### Given data
● ● ● ● ●

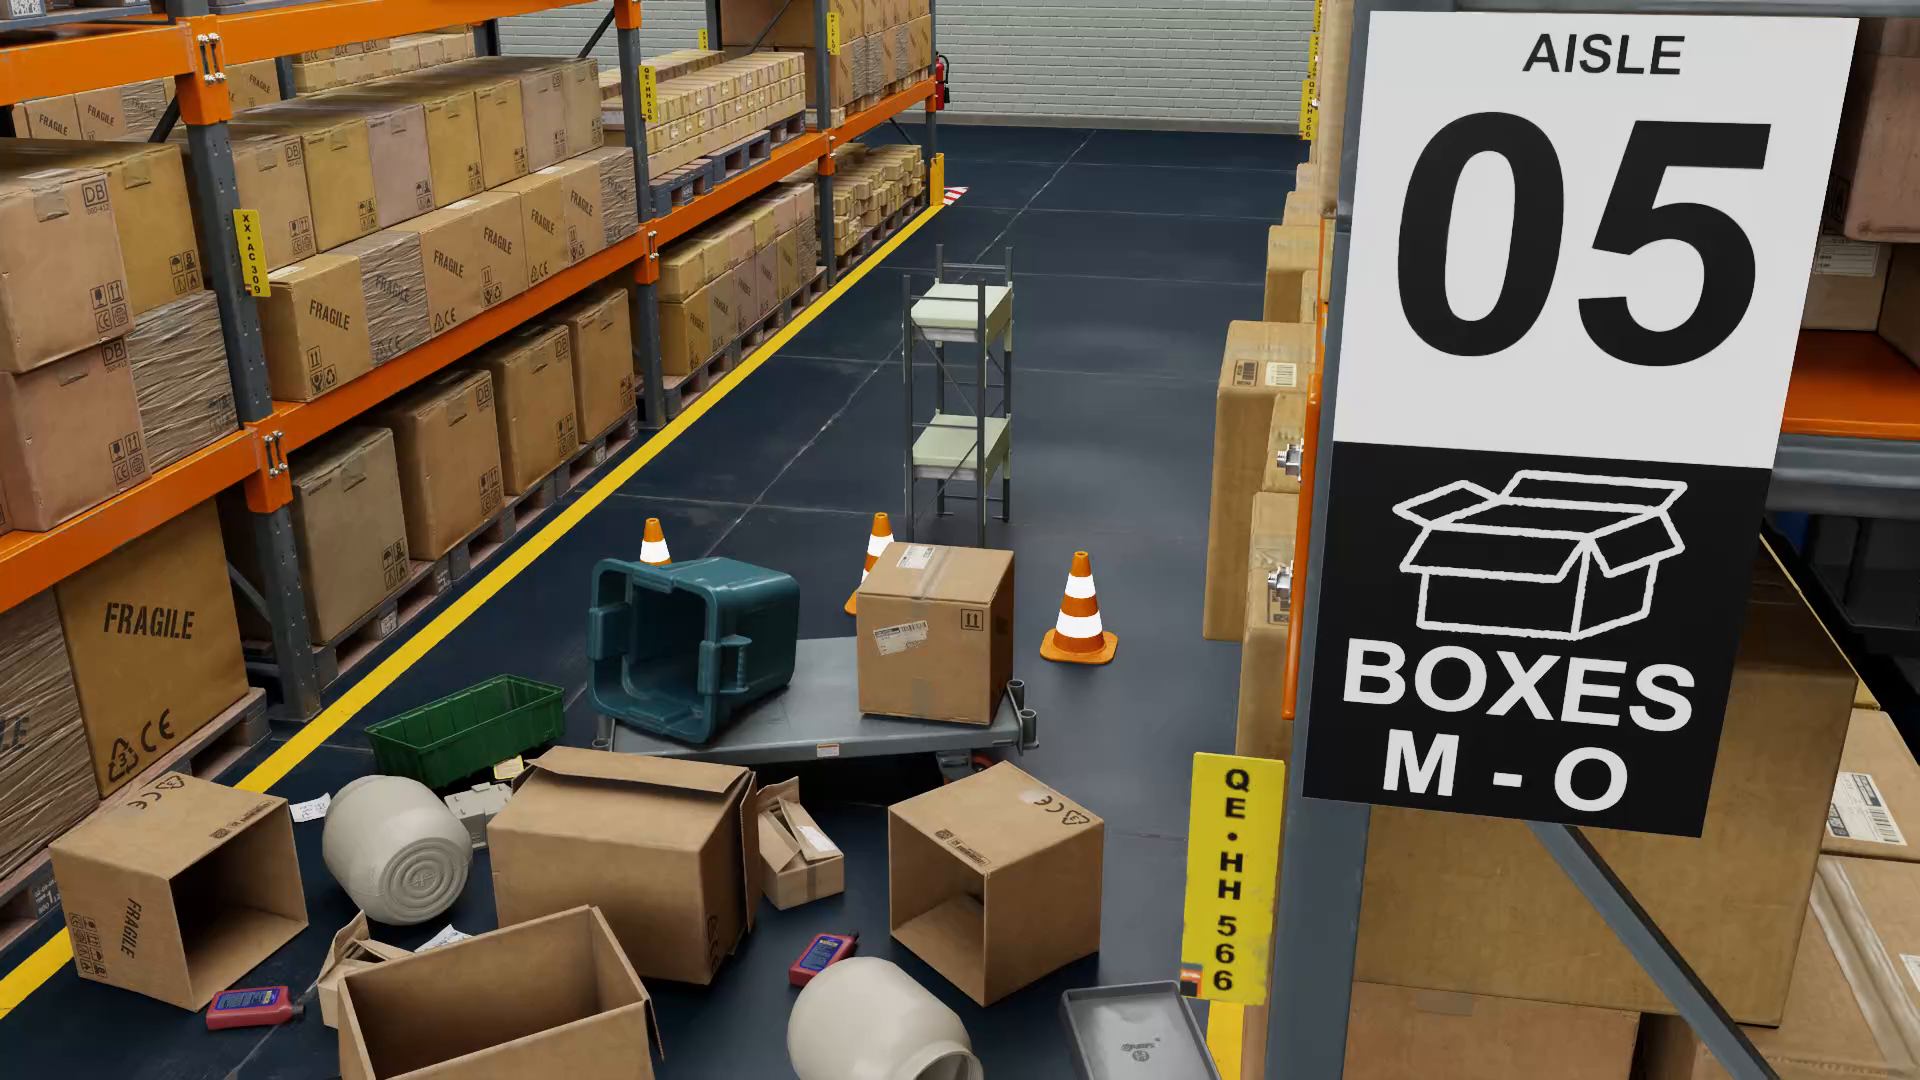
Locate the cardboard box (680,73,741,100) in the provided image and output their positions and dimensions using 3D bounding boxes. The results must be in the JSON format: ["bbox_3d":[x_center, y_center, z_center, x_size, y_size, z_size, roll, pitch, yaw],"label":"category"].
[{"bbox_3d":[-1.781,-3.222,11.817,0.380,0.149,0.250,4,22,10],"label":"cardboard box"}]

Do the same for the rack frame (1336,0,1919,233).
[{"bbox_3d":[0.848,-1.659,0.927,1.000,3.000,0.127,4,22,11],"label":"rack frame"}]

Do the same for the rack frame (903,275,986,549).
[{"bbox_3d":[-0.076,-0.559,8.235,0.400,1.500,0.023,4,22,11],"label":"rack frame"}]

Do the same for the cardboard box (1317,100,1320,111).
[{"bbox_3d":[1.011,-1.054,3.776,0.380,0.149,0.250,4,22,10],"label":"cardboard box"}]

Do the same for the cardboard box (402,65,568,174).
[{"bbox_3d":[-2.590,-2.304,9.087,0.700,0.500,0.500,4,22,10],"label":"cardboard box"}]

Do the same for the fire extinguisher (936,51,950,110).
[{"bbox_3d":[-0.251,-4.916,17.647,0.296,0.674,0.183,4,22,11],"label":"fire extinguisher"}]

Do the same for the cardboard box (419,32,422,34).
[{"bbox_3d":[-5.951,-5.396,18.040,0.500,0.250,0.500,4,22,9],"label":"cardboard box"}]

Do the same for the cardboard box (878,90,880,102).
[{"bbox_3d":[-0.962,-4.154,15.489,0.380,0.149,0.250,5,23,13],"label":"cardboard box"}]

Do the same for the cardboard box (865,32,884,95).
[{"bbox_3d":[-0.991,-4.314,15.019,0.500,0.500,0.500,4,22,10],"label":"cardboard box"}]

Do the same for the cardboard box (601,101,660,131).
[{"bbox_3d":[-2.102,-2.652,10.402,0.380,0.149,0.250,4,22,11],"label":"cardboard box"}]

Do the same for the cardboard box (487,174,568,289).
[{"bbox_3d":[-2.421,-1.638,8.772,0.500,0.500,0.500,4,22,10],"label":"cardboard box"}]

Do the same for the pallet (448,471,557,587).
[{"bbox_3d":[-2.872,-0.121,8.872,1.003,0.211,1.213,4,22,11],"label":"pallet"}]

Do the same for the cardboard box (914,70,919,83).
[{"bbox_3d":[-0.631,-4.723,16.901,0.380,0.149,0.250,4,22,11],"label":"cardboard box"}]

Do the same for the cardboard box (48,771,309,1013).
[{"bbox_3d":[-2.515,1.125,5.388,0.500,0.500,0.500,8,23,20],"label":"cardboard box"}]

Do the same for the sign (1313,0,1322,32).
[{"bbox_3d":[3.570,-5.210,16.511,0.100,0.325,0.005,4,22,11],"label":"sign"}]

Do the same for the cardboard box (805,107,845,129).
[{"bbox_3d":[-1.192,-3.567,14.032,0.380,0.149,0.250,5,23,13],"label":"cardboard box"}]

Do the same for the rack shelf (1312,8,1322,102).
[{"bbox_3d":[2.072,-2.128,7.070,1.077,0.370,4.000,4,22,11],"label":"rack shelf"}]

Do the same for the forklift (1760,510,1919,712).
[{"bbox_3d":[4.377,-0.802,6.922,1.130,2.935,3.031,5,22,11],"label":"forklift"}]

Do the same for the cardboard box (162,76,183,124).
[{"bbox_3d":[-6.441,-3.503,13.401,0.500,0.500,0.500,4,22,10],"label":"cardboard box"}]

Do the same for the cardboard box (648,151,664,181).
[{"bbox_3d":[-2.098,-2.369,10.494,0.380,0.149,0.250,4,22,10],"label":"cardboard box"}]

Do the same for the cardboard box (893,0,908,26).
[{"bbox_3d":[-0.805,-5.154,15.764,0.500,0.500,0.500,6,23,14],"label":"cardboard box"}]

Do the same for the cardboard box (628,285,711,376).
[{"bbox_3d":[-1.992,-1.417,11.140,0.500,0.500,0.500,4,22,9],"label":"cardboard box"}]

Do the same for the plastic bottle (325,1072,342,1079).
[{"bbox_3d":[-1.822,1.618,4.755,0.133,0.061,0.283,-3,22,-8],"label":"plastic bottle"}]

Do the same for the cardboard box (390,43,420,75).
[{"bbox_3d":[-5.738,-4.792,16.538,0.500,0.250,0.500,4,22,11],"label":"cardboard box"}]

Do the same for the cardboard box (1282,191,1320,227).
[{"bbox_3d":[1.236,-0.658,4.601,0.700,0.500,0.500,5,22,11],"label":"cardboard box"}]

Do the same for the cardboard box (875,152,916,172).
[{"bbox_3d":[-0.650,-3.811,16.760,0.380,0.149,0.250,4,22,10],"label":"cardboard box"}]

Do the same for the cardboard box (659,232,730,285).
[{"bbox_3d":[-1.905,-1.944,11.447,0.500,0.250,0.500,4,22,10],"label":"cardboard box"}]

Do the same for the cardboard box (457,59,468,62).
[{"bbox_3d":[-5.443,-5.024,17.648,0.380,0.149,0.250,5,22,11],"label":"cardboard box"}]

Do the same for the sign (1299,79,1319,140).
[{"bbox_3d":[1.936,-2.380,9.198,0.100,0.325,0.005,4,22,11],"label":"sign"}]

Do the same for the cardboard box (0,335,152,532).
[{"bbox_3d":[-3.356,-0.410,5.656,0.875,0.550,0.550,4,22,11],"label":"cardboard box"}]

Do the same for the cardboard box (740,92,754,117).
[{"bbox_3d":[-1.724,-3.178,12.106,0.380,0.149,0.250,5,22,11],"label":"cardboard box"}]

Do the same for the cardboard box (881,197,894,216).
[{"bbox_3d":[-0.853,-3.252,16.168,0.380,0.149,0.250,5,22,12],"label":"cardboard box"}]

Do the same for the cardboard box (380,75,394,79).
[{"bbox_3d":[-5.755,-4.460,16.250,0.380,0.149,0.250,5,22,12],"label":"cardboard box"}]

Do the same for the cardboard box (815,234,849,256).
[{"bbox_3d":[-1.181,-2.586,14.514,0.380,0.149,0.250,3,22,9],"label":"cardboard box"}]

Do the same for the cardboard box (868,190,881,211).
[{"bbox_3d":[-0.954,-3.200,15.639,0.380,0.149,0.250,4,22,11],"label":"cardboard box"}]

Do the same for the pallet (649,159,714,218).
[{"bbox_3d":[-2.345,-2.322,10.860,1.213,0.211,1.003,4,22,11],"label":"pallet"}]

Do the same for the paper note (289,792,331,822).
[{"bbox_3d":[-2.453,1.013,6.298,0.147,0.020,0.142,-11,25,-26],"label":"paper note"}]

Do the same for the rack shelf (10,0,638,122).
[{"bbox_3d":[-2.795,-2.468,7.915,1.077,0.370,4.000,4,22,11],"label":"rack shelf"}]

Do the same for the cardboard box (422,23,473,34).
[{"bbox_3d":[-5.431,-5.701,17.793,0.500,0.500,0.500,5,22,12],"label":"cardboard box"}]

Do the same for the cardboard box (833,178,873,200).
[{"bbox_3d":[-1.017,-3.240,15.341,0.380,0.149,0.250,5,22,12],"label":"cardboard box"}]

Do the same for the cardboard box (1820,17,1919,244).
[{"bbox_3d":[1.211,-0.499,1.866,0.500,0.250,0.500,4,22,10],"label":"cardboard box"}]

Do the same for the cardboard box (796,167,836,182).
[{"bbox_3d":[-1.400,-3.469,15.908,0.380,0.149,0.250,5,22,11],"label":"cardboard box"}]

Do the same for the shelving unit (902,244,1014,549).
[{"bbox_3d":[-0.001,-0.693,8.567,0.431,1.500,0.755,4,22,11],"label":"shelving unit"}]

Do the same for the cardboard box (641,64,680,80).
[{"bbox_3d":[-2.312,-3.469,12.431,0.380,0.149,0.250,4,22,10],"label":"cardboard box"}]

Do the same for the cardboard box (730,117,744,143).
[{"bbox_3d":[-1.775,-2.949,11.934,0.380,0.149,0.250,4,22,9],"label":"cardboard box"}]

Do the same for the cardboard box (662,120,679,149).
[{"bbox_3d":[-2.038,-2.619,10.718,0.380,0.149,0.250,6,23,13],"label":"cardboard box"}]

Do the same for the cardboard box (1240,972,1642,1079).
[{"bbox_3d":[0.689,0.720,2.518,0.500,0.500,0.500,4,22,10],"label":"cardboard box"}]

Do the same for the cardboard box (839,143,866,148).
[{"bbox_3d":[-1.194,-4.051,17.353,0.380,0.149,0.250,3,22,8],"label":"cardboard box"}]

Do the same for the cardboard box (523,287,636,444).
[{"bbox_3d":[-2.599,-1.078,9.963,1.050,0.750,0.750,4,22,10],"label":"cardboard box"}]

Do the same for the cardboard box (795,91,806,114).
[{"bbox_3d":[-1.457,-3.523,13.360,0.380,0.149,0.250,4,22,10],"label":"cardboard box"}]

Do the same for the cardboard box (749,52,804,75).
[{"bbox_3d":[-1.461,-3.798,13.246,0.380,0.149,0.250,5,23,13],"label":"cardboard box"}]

● ● ● ● ●

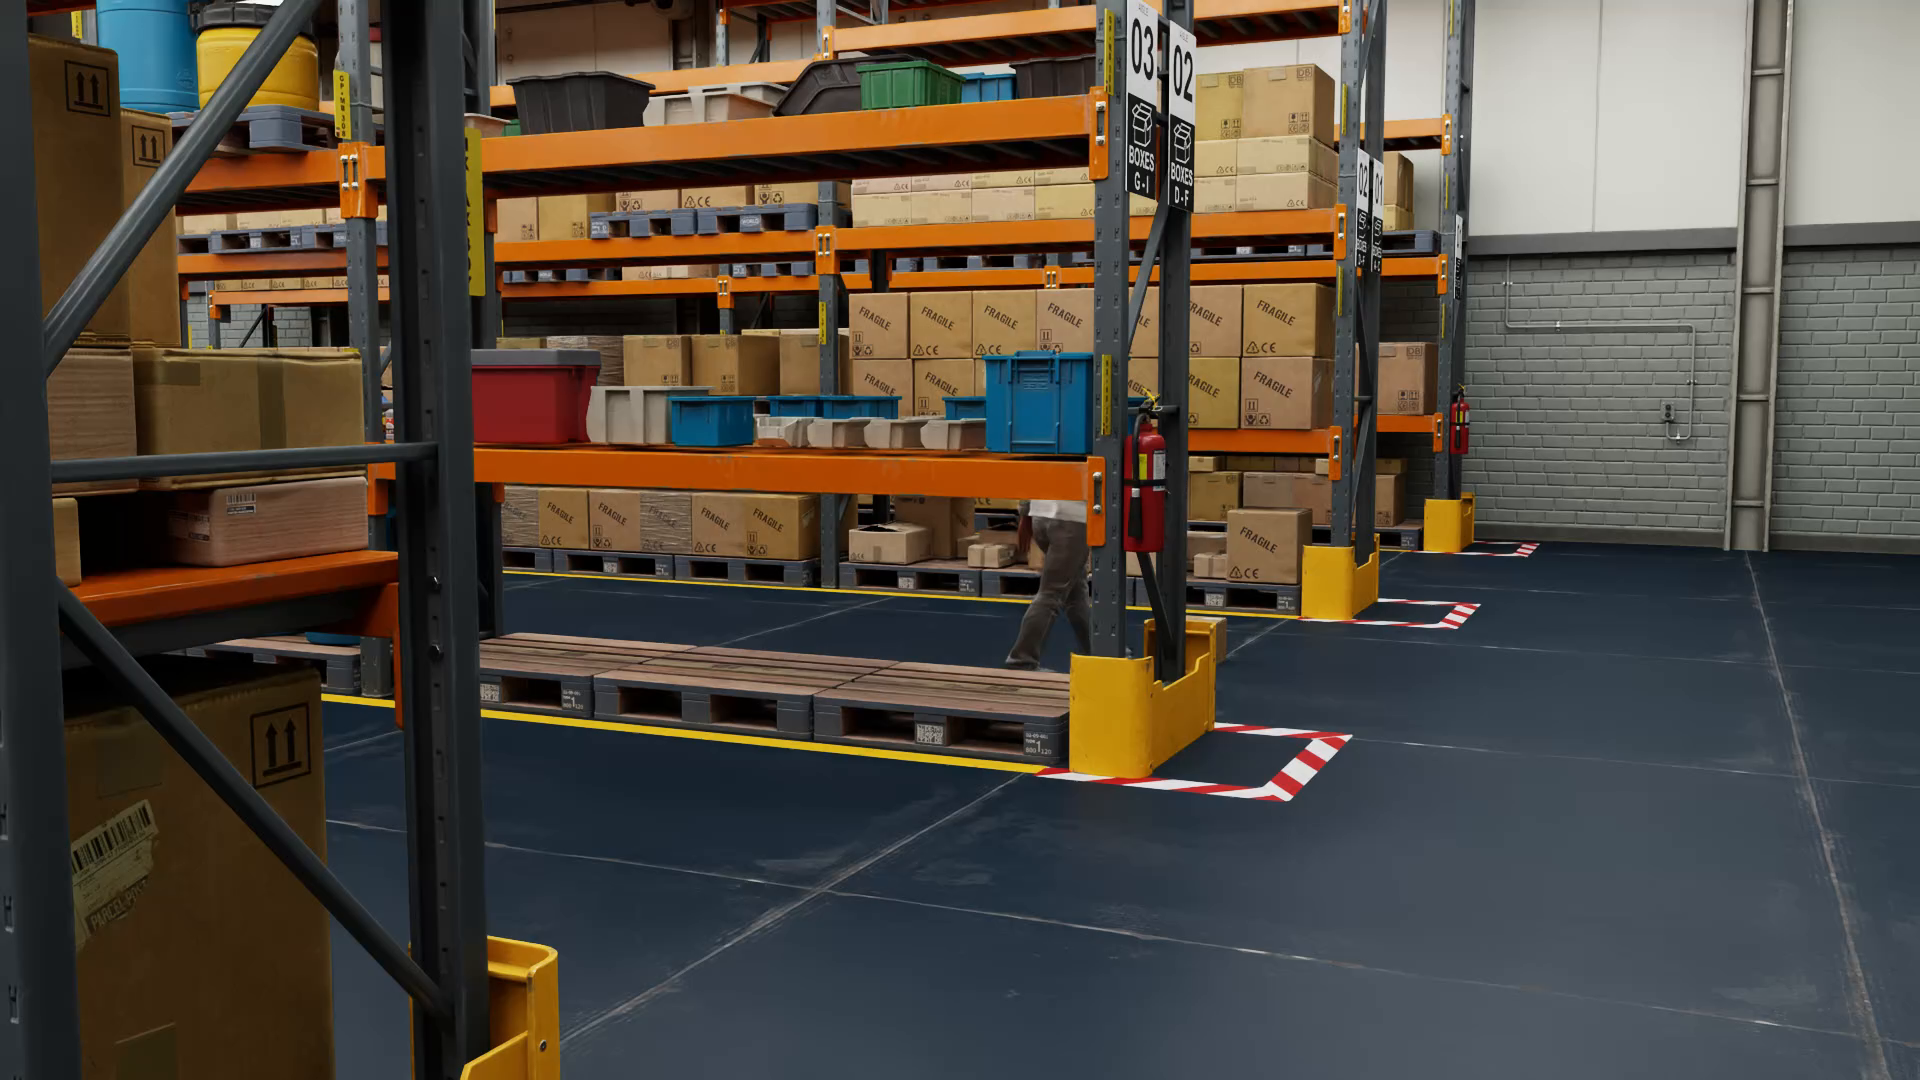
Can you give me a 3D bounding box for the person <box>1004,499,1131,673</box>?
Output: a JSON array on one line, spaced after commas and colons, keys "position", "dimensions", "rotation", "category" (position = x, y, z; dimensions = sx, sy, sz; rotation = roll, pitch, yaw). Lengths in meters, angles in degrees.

● ● ● ● ●

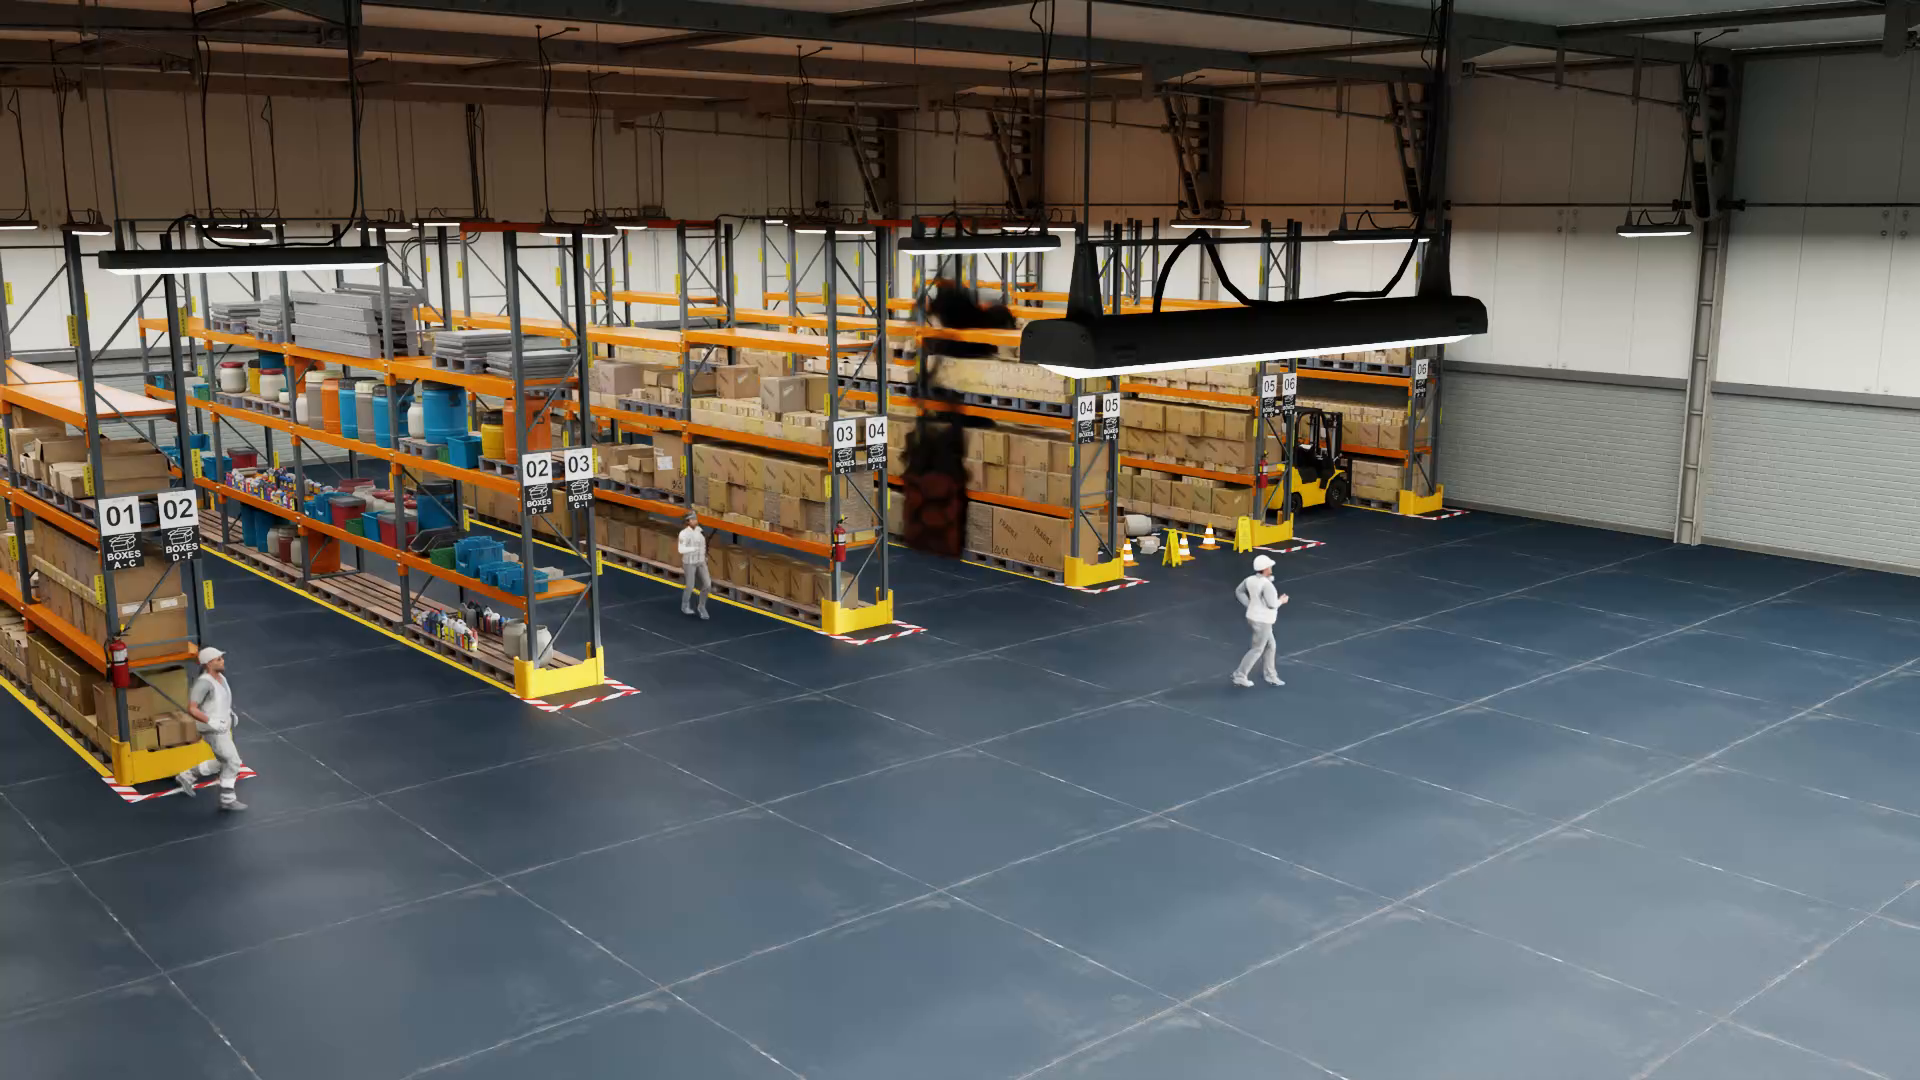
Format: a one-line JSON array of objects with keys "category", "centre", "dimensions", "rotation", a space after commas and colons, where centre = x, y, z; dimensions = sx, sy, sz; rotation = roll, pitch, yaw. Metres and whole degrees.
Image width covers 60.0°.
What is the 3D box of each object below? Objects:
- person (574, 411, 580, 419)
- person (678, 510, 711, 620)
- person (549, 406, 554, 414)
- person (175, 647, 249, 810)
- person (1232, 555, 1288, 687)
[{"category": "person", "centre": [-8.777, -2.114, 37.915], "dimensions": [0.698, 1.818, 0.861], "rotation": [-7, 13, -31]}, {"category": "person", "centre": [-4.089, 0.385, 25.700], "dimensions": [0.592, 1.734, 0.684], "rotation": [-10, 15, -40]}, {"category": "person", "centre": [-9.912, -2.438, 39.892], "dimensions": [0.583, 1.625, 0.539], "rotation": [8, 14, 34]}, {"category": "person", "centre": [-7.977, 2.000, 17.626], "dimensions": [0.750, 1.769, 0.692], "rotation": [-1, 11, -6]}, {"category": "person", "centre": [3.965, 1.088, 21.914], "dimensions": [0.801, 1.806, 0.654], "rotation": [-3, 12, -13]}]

● ● ● ● ●

### What to produce
Tally the lines of the material in which the string "colons" occurs, and present only that tally.

### Exercise result
2